On Frictional Boundary Conditions in Metal Forming

S. Alexandrov, Russian Academy of Sciences, Moscow, Russia

One of the most difficult problems in the modeling of deformation processes is the appropriate treatment of frictional boundary condition. The main objectives of this paper are (i) to show that application of the maximum friction law (friction stress is equal to the shear yield stress) leads to solution behavior that may be used to describe different physical phenomena near the friction surface, and (ii) to develop a method to deal with numerical difficulties. In the case of a rigid/perfectly plastic material model, the velocity fields adjacent to surfaces of maximum friction must be describable by nondifferentiable functions where the maximum shear strain rate and the effective strain rate approach infinity. In particular, the equivalent strain rate follows an inverse square root law near the friction surfaces. The coefficient of the singular term in the expansion of the equivalent strain rate near the maximum friction surface may be called, by analogy to the stress intensity factor in linear/elastic fracture mechanics, the strain rate intensity factor. This analogy can be further extended giving a method for predicting material behavior in a thin layer near the friction surface and a method for developing effective numerical codes where the specific approximating functions should be used in elements near this surface.

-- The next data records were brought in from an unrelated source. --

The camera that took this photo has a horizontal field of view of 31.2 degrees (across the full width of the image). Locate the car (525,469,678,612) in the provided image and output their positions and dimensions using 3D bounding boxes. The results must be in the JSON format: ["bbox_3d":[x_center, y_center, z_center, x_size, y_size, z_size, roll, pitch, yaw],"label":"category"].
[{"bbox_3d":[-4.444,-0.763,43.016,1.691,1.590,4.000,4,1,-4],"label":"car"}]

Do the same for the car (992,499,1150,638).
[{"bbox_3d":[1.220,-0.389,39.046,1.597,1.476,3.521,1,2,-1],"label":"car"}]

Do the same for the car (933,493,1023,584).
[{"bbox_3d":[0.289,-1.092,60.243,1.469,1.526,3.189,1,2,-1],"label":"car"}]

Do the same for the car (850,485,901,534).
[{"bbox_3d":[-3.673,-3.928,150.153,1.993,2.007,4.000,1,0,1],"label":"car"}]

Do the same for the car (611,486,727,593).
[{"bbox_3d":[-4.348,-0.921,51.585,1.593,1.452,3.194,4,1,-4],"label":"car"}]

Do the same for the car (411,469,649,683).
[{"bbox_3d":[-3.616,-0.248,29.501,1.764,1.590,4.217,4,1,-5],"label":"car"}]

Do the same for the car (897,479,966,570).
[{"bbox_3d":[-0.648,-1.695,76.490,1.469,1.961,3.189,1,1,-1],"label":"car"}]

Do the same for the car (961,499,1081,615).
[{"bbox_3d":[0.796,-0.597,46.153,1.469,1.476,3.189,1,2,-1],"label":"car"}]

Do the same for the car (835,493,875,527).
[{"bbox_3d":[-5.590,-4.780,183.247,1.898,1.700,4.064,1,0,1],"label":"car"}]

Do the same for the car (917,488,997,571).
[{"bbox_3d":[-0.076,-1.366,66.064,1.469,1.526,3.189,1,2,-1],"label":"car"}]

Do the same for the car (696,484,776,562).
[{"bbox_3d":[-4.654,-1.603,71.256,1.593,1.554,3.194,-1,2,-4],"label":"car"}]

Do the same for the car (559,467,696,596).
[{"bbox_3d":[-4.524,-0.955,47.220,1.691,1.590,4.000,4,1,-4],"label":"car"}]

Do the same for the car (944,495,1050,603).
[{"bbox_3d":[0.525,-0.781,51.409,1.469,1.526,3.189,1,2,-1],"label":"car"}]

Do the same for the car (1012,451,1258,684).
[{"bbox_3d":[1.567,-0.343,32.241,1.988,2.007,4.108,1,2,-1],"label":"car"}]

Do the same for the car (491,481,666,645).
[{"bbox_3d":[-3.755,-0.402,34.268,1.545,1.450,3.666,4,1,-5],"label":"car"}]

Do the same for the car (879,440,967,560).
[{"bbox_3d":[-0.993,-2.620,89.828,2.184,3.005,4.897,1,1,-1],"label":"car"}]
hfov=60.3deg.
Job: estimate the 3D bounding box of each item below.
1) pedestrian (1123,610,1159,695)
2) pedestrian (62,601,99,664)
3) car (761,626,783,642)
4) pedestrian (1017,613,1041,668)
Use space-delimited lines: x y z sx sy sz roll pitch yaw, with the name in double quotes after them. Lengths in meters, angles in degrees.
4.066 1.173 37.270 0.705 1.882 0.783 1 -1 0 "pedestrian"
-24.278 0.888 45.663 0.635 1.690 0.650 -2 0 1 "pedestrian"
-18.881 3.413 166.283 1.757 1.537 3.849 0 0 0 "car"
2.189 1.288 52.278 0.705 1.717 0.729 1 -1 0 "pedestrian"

In particular, modifications of the material model may or may not change the singular character of the solutions in the vicinity of maximum friction surfaces. Because of this feature of constitutive equations, several classical problems in plasticity that are often adopted for metal forming applications have no solution. On the other hand, the solutions based on the double shearing model of pressure dependent plasticity, which is applicable for modern aluminum alloys, show the same behavior as those of classical plasticity, and the corresponding generalizations of the aforementioned classical problems are possible.